Crooner takes note of an East L.A. high school
With his hands clasped behind his back and his nose inches away from the wall, legendary singer Tony Bennett contemplated the photograph before him.
The grayscale image featured a young woman stretching her fingers toward the camera’s lens, covering her face.
“The beginning of true creativeness comes from the hand,” he said.
Bennett and his wife, Susan Benedetto, were at Esteban E. Torres High School in East Los Angeles on Friday to launch the expansion of their New York City-based nonprofit organization Exploring the Arts. The photographs displayed before them were taken by students at Humanitas Academy of Art and Technology, one of the five academies on the campus.
The couple founded Exploring the Arts in 1999 to strengthen the role of the arts in public high school education and to sustain arts programs amid school budget cuts. Bennett, a product of a public arts school in New York, and Benedetto, a former teacher at Fiorello H. LaGuardia High School of Music & Art and the Performing Arts there, were inspired to give others similar opportunity.
The organization oversees programs in 14 high schools throughout New York City’s five boroughs, benefiting more than 10,000 public school students, the majority of whom live below the poverty line. It is estimated that more than 1,000 students will take part in the Los Angeles programs at Torres High.
“The arts give students a reason to want to go to school,” Benedetto said. “Quality arts in our public schools gives them something to feed their souls.”
The philanthropic couple decided to bring their organization to Los Angeles specifically because of its status as a cultural capital, Benedetto said.
“It’s sort of natural to be out here.”
Three of the five academies on campus will benefit from Exploring the Arts’ partnerships with private funders, individual artists and cultural institutions to give schools in different socioeconomic regions resources to explore art.
“We don’t have the services that schools in the incorporated county area might have,” said Cristina Patricio, community school coordinator for the campus. “These partnerships are extremely crucial to meet the needs of the students.”
Though the singer’s name and fame might not ignite the same reaction from students as it does with their teachers and administrators, many of the teenagers appreciated Bennett’s visit and support.
“Someone of his stature taking interest in what we do is really big,” said Randall Zaragoza, a junior at the East L.A. Renaissance Academy on the campus. “It tells us that it’s not just us here fighting to keep these programs going.”

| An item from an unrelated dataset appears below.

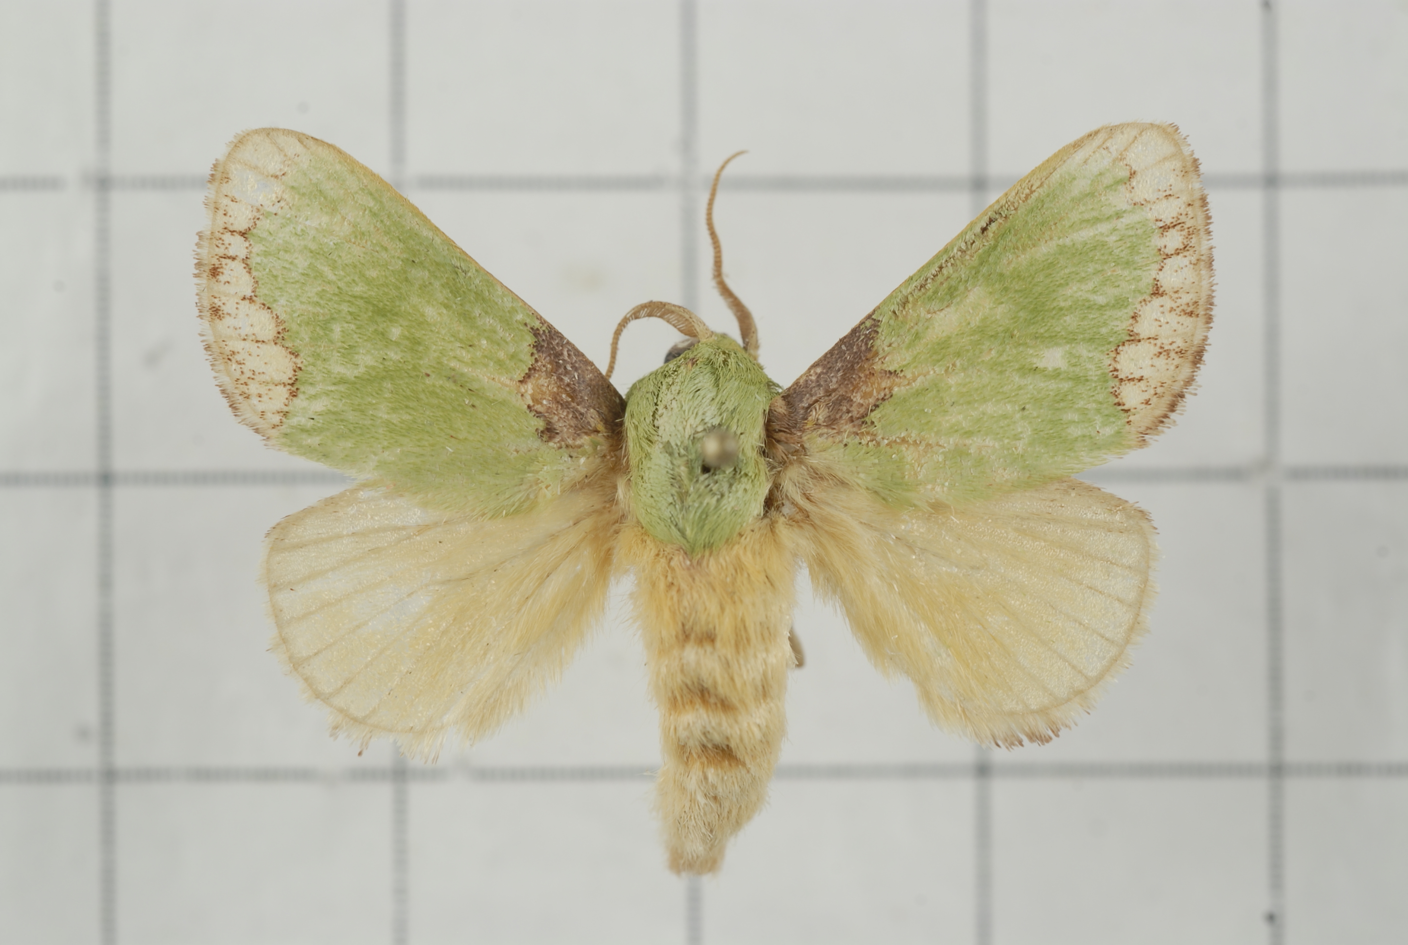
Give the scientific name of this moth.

Bennett and his wife sat in on a few classes at the East L.A. Performing Arts Academy and heard a rendition of Whitney Houston’s “The Greatest Love of All,” by Darlene Bryant’s choir class.
Freshman Robert Varela rushed offstage after the song to ask his idol a question. He didn’t mention to the crooner that he recently sang the classic “Fly Me to the Moon” for his audition to the Los Angeles County High School of the Arts. Nor did he boast that the performance earned him an acceptance letter.
Instead, he asked a question for his little sister.
“What was it like to sing on ‘Sesame Street’?” the 15-year-old asked.
The 86-year-old patted the student’s arm, chuckling, and said singing on the children’s educational program was one of his favorite performances.